__Available data__
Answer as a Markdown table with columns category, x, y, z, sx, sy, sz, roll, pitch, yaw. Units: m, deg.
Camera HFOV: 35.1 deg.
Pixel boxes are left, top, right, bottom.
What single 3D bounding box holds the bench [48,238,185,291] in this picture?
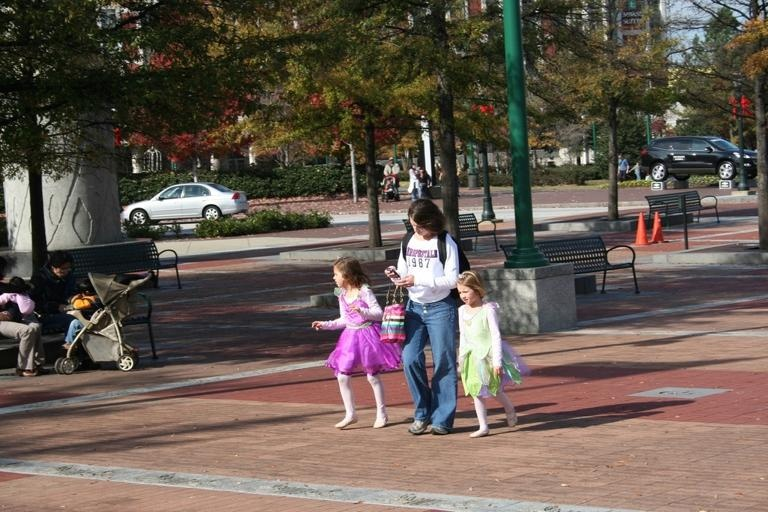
| category | x | y | z | sx | sy | sz | roll | pitch | yaw |
| --- | --- | --- | --- | --- | --- | --- | --- | --- | --- |
| bench | -5.740 | 0.345 | 24.897 | 2.984 | 0.833 | 0.893 | -6 | 10 | -43 |

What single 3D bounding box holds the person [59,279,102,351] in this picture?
| category | x | y | z | sx | sy | sz | roll | pitch | yaw |
| --- | --- | --- | --- | --- | --- | --- | --- | --- | --- |
| person | -4.621 | 0.907 | 18.135 | 0.918 | 0.930 | 0.513 | -1 | -2 | 20 |

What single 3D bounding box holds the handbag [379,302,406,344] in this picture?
| category | x | y | z | sx | sy | sz | roll | pitch | yaw |
| --- | --- | --- | --- | --- | --- | --- | --- | --- | --- |
| handbag | 0.102 | 0.800 | 14.103 | 0.318 | 0.387 | 0.289 | -6 | 2 | 0 |

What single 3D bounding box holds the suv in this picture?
| category | x | y | z | sx | sy | sz | roll | pitch | yaw |
| --- | --- | --- | --- | --- | --- | --- | --- | --- | --- |
| suv | 12.588 | -3.947 | 48.767 | 4.800 | 1.427 | 2.120 | -1 | 0 | 33 |

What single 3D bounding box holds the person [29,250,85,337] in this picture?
| category | x | y | z | sx | sy | sz | roll | pitch | yaw |
| --- | --- | --- | --- | --- | --- | --- | --- | --- | --- |
| person | -4.936 | 0.597 | 18.375 | 0.831 | 1.327 | 1.008 | 1 | -2 | -22 |

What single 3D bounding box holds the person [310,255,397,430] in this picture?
| category | x | y | z | sx | sy | sz | roll | pitch | yaw |
| --- | --- | --- | --- | --- | --- | --- | --- | --- | --- |
| person | -0.184 | 1.042 | 14.584 | 0.752 | 1.914 | 1.067 | -1 | 0 | 36 |

__Work required__
Find the line containing "What single 3D bounding box holds the bench" in the records above and restate it, and each line after it through the end, word for word, dropping the pictures.

__Answer for this exercise__
What single 3D bounding box holds the bench [48,238,185,291] in this picture?
| category | x | y | z | sx | sy | sz | roll | pitch | yaw |
| --- | --- | --- | --- | --- | --- | --- | --- | --- | --- |
| bench | -5.740 | 0.345 | 24.897 | 2.984 | 0.833 | 0.893 | -6 | 10 | -43 |

What single 3D bounding box holds the person [59,279,102,351] in this picture?
| category | x | y | z | sx | sy | sz | roll | pitch | yaw |
| --- | --- | --- | --- | --- | --- | --- | --- | --- | --- |
| person | -4.621 | 0.907 | 18.135 | 0.918 | 0.930 | 0.513 | -1 | -2 | 20 |

What single 3D bounding box holds the handbag [379,302,406,344] in this picture?
| category | x | y | z | sx | sy | sz | roll | pitch | yaw |
| --- | --- | --- | --- | --- | --- | --- | --- | --- | --- |
| handbag | 0.102 | 0.800 | 14.103 | 0.318 | 0.387 | 0.289 | -6 | 2 | 0 |

What single 3D bounding box holds the suv in this picture?
| category | x | y | z | sx | sy | sz | roll | pitch | yaw |
| --- | --- | --- | --- | --- | --- | --- | --- | --- | --- |
| suv | 12.588 | -3.947 | 48.767 | 4.800 | 1.427 | 2.120 | -1 | 0 | 33 |

What single 3D bounding box holds the person [29,250,85,337] in this picture?
| category | x | y | z | sx | sy | sz | roll | pitch | yaw |
| --- | --- | --- | --- | --- | --- | --- | --- | --- | --- |
| person | -4.936 | 0.597 | 18.375 | 0.831 | 1.327 | 1.008 | 1 | -2 | -22 |

What single 3D bounding box holds the person [310,255,397,430] in this picture?
| category | x | y | z | sx | sy | sz | roll | pitch | yaw |
| --- | --- | --- | --- | --- | --- | --- | --- | --- | --- |
| person | -0.184 | 1.042 | 14.584 | 0.752 | 1.914 | 1.067 | -1 | 0 | 36 |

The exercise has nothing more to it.